Considerable interest is in litigation disputes coupled with the definition of competence manager based on information from Unified State Register (Next USR).
Thus, in ruling the Supreme Economic Court of Ukraine (SECU) from 01.28.2010 № 17/218/09 the case was considered such a situation. The point was the absence of According to defendant, in S. citizen authority to sign the statement of claim, as a director. According to minutes of general meeting of the founders of the Society S. citizen appointed (elected) Director for the period from 01.03.2008 to 31.12.2008. According to previous courts this manager had no authority to sign the statement of claim, as his powers as director ended 01.01.2009.
However, such conclusions SECU disagreed and said the following. In case file no evidence that S. citizen has been eliminated competent authority of his duties as director of the Company and the other was elected director. Powers of officers of the company terminated their reelection, (p.41 Supreme Court of Ukraine of 24.10.2008, № 13 "On the practice of handling corporate disputes"). Moreover SECU took note of copies of extracts from the Unified State Register of legal entities and individuals Entrepreneurs, of which it appears that as of 12.05.2009, on 27.07.2009 and on 10.07.2009 (date of controversial statements) only official head of the plaintiff in as director is a citizen of S. and that it is entitled to represent the interests of the plaintiff without the order and any restrictions.
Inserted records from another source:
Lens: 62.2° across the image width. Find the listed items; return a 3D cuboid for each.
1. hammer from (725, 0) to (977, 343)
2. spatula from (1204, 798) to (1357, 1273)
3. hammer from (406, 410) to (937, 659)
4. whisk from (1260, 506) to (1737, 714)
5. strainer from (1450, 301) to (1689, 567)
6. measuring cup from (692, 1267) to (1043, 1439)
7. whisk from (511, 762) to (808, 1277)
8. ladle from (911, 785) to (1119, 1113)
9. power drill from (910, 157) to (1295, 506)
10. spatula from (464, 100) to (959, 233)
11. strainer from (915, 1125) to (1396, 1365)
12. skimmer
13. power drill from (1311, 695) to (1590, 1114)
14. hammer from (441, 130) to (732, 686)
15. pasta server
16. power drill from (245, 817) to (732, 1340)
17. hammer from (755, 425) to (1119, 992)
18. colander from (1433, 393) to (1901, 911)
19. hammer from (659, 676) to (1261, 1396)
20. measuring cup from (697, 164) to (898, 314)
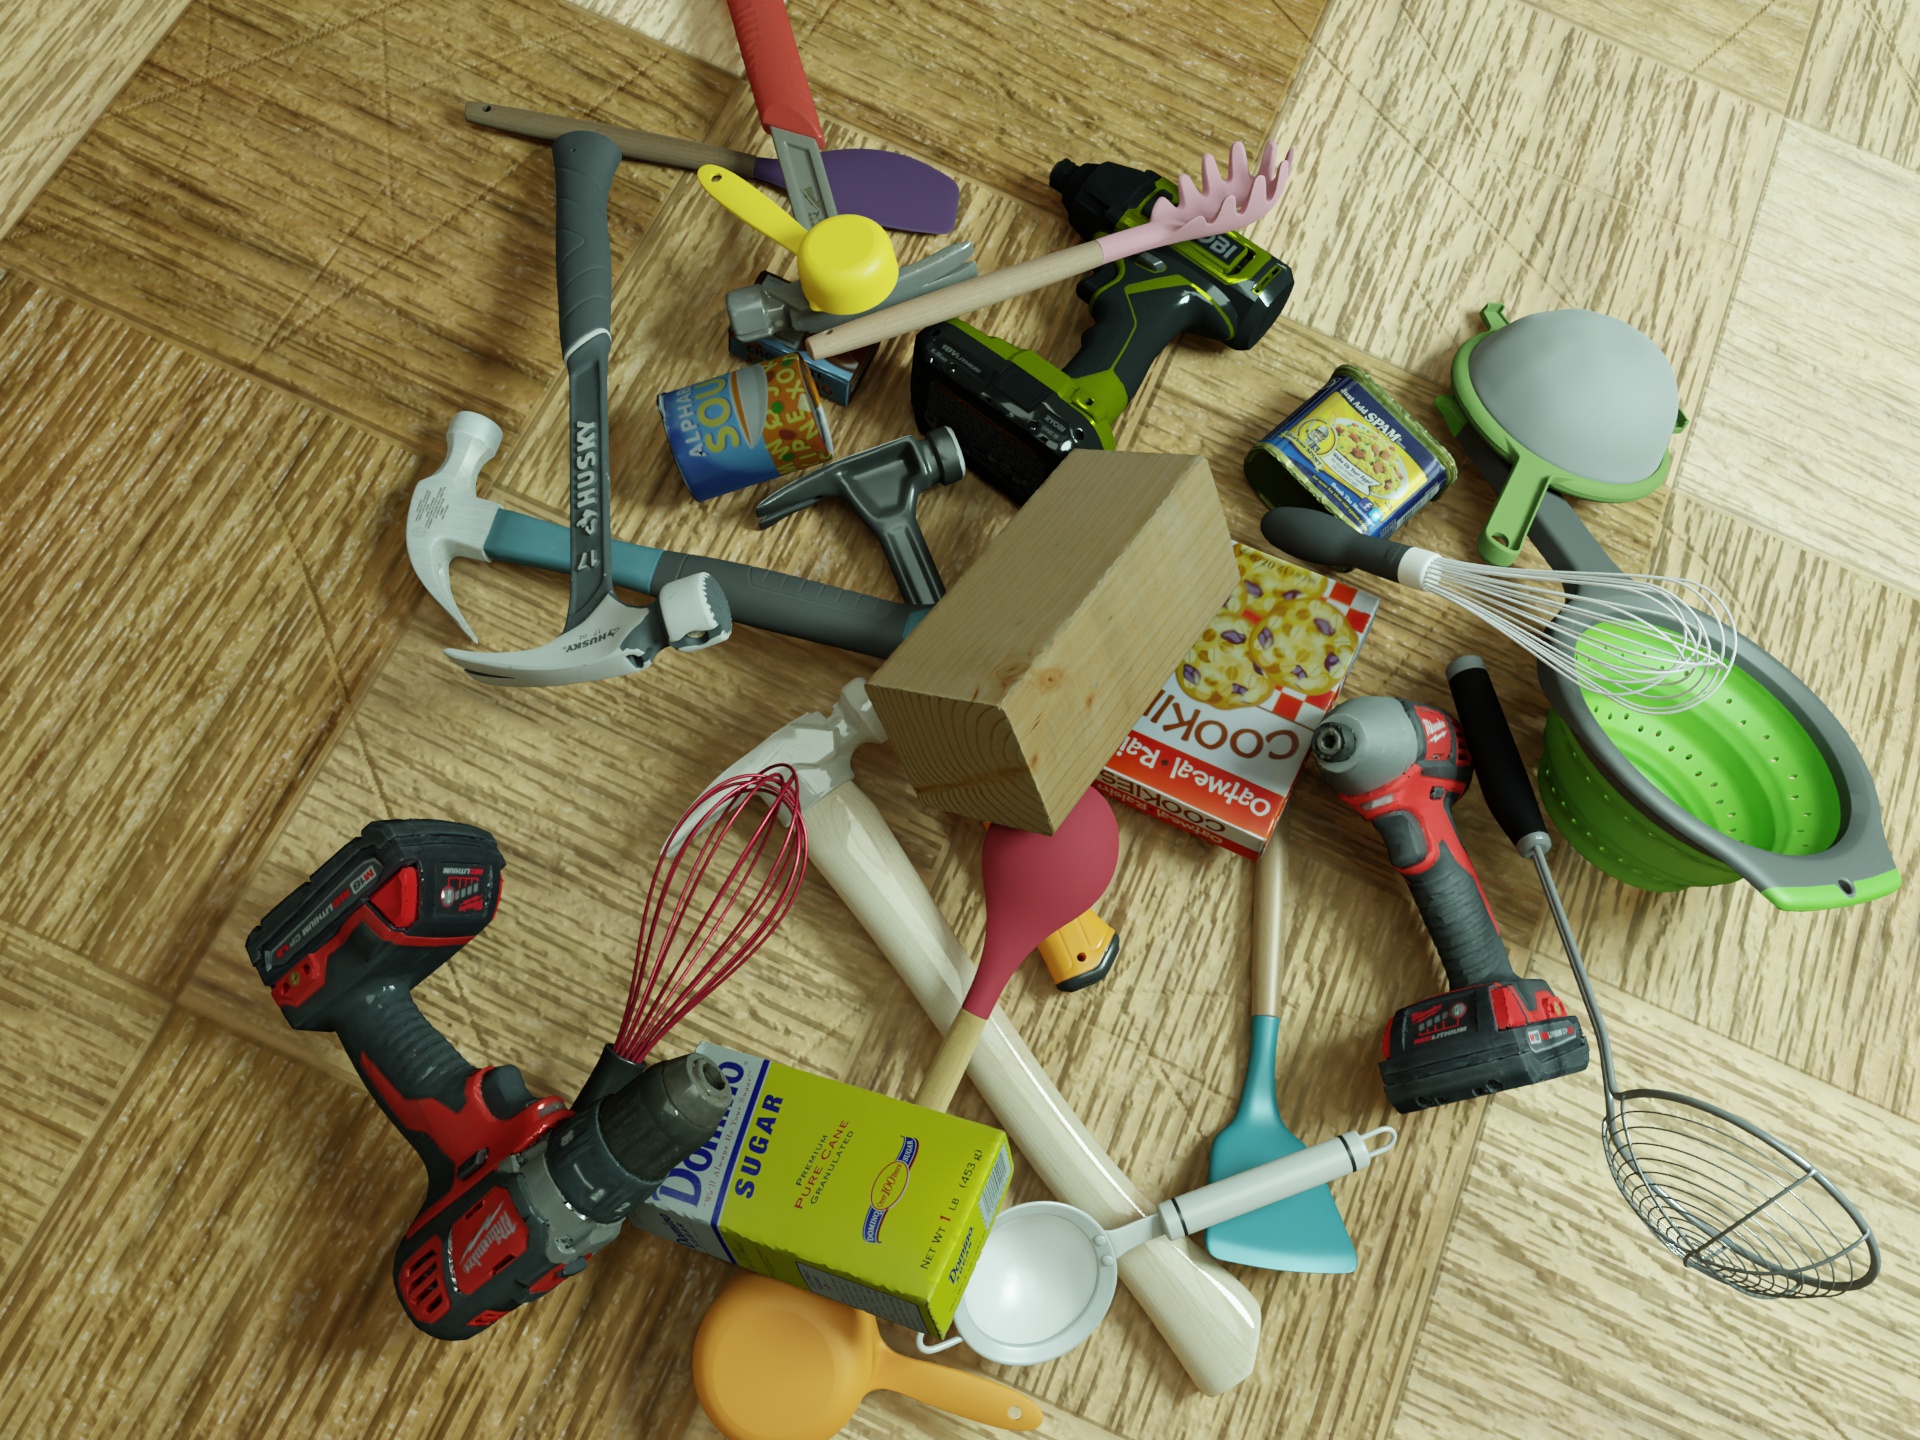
[{"bbox_3d":[-0.104,-0.399,1.002,0.149,0.036,0.359,-16,66,1],"label":"hammer"},{"bbox_3d":[0.175,0.137,0.879,0.082,0.044,0.318,9,69,-8],"label":"spatula"},{"bbox_3d":[-0.155,-0.081,0.892,0.331,0.033,0.128,14,71,8],"label":"hammer"},{"bbox_3d":[0.279,-0.074,0.867,0.285,0.070,0.070,27,65,41],"label":"whisk"},{"bbox_3d":[0.362,-0.179,0.948,0.151,0.069,0.256,33,48,6],"label":"strainer"},{"bbox_3d":[-0.046,0.319,0.766,0.173,0.052,0.095,14,86,8],"label":"measuring cup"},{"bbox_3d":[-0.159,0.151,0.801,0.073,0.073,0.296,28,87,3],"label":"whisk"},{"bbox_3d":[-0.005,0.173,0.814,0.069,0.031,0.315,26,87,9],"label":"ladle"},{"bbox_3d":[0.076,-0.247,0.981,0.171,0.080,0.223,37,68,11],"label":"power drill"},{"bbox_3d":[-0.157,-0.361,1.019,0.316,0.018,0.060,9,68,-5],"label":"spatula"},{"bbox_3d":[0.097,0.251,0.790,0.258,0.050,0.086,-19,105,-4],"label":"strainer"},{"bbox_3d":[0.343,0.113,0.816,0.090,0.127,0.364,-10,56,1],"label":"skimmer"},{"bbox_3d":[0.252,0.091,0.856,0.143,0.078,0.220,9,62,-52],"label":"power drill"},{"bbox_3d":[-0.214,-0.192,0.896,0.149,0.036,0.409,-17,57,11],"label":"hammer"},{"bbox_3d":[0.055,-0.273,0.931,0.316,0.040,0.060,-22,37,-13],"label":"pasta server"},{"bbox_3d":[-0.224,0.154,0.760,0.188,0.080,0.227,-39,71,14],"label":"power drill"},{"bbox_3d":[-0.001,-0.003,0.906,0.127,0.034,0.337,-21,77,-8],"label":"hammer"},{"bbox_3d":[0.371,-0.034,0.943,0.204,0.094,0.398,-3,52,-28],"label":"colander"},{"bbox_3d":[0.009,0.180,0.842,0.146,0.038,0.411,-36,82,-3],"label":"hammer"},{"bbox_3d":[-0.101,-0.290,0.921,0.157,0.029,0.062,39,74,20],"label":"measuring cup"}]

No significant change involved the use of litigation article 241 CCU. Until recently, this provision of this article served as protection for contracts concluded in excess of authority. It provides that transaction is committed representative of abuse of authority, creates, modifies, terminates the civil rights and obligations of a person whom he represents, only in case of subsequent approval of the transaction that person. Transaction deemed to be approved especially if the person he represents, committed acts that indicate the decision to his execution.
In the context of considerable interest is the decision of 01.13.2010 SECU the case № 32/572. Subject dispute was plaintiff's claim to recognize the agreements reached between the plaintiff and defendant, void; cause of action is an abuse of authority Chairman of the Supervisory Board, who signed contracts impugned by the plaintiff because the plaintiff neither statute nor the statute of the Supervisory Board of the plaintiff, it granted the appropriate authority for the commission of such acts by the bank.
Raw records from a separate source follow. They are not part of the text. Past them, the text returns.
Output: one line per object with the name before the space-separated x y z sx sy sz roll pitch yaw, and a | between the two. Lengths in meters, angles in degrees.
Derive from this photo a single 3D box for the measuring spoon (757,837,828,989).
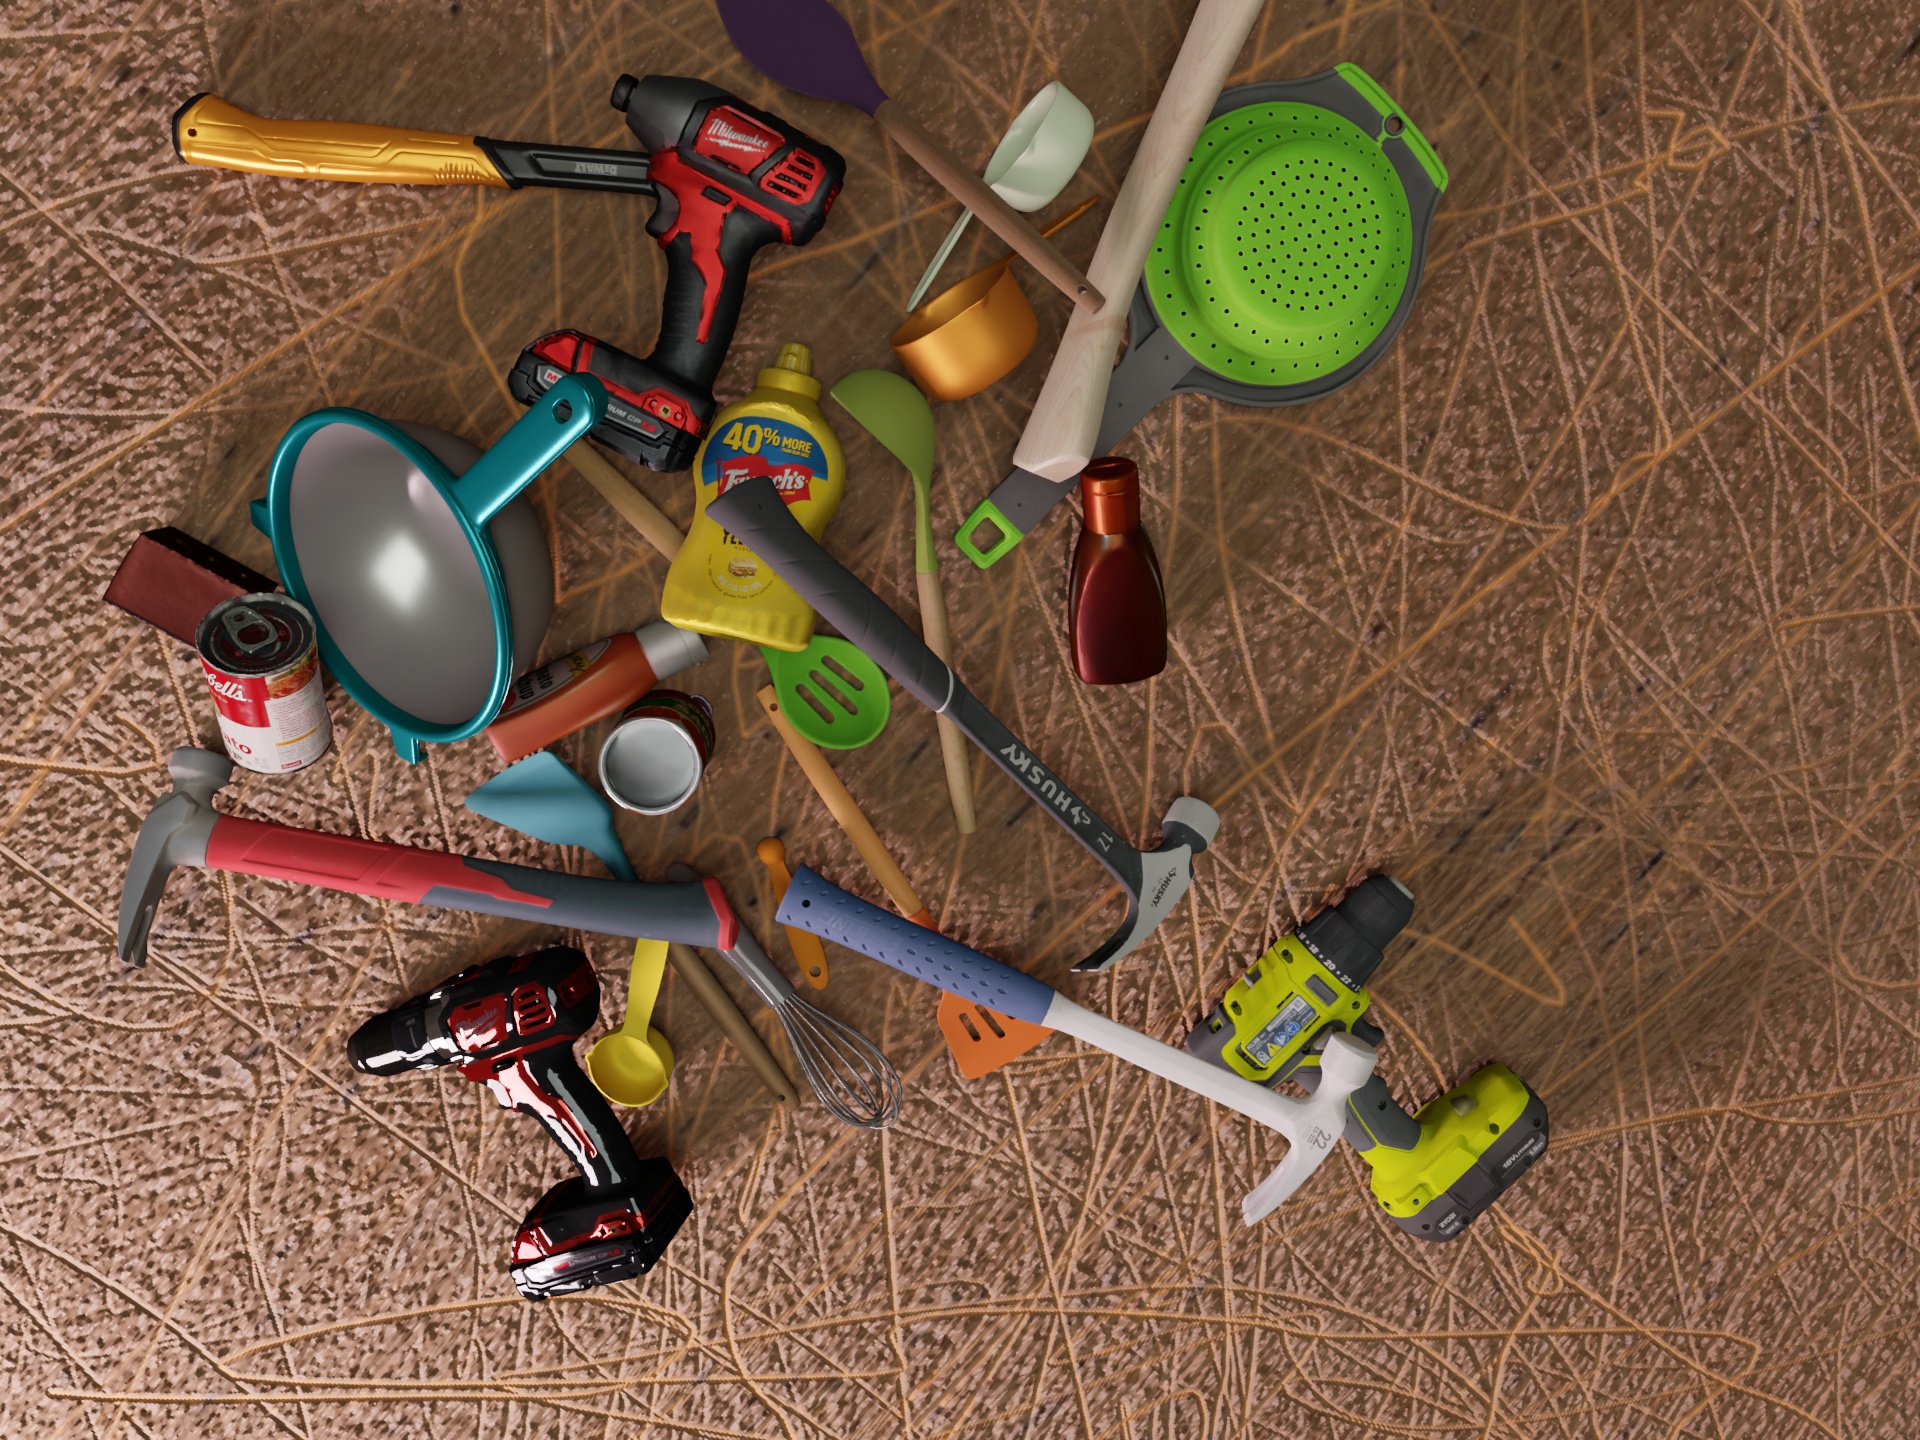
measuring spoon | -0.115 0.136 1.105 0.021 0.011 0.117 -18 102 1

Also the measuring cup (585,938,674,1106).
measuring cup | -0.215 0.192 1.090 0.062 0.029 0.156 17 109 7

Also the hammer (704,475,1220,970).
hammer | -0.002 -0.003 1.008 0.408 0.036 0.149 43 63 -18

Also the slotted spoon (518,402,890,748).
slotted spoon | -0.168 -0.099 1.046 0.313 0.031 0.070 44 90 -9

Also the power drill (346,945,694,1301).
power drill | -0.301 0.273 1.081 0.188 0.080 0.226 -19 100 18

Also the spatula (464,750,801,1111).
spatula | -0.207 0.153 1.087 0.082 0.044 0.317 -29 105 23

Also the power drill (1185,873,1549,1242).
power drill | 0.299 0.236 1.120 0.228 0.080 0.190 42 97 -8

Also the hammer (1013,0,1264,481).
hammer | 0.117 -0.344 0.959 0.038 0.146 0.410 11 105 -49

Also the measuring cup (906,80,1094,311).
measuring cup | 0.025 -0.318 0.998 0.038 0.083 0.167 29 115 -20

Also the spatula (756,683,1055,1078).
spatula | -0.045 0.111 1.100 0.081 0.041 0.322 -33 98 5

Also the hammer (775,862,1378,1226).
hammer | 0.066 0.203 1.070 0.405 0.035 0.144 24 99 -1

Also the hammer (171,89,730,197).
hammer | -0.310 -0.338 0.983 0.337 0.034 0.127 4 100 -4

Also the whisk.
whisk | -0.123 0.190 1.099 0.055 0.055 0.239 -39 97 5

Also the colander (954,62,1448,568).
colander | 0.147 -0.241 0.999 0.397 0.094 0.204 -45 101 6

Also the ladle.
ladle | -0.030 -0.071 1.047 0.062 0.078 0.320 -10 109 -5

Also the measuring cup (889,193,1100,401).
measuring cup | 0.036 -0.265 1.005 0.173 0.095 0.052 -41 114 -15

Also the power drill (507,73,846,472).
power drill | -0.176 -0.270 0.949 0.143 0.078 0.219 27 95 -8

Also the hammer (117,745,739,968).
hammer | -0.337 0.117 1.022 0.386 0.038 0.143 10 72 1

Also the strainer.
strainer | -0.279 -0.122 0.940 0.340 0.095 0.211 -28 95 41

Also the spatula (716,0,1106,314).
spatula | -0.031 -0.352 0.962 0.316 0.018 0.060 44 99 8

Abolishing judgment, said SECU - of system analysis CCU regulations article 241 can be concluded that excess agent its authority in committing the transaction is not an unconditional basis for invalidation of the transaction in court if further approval by the person on whose behalf the representative acted. In the study circumstances of the plaintiff pay for controversial contract of sale must reliably determine that payment plaintiff funds for this contract was conducted on behalf of the Plenipotentiary official plaintiff. Addressing this issue directly affects the solution of other important questions, namely: whether there has been a plaintiff approval of the transaction (purchase agreement) done on behalf of the President Supervisory Board and the claimant to resolve the dispute in accordance with law. That is, SECU raised the need for checking the availability of relevant authorities in the person who approved their actions under the controversial transaction article 241 CCU.
Other aspects of these issues will be discussed in subsequent publications.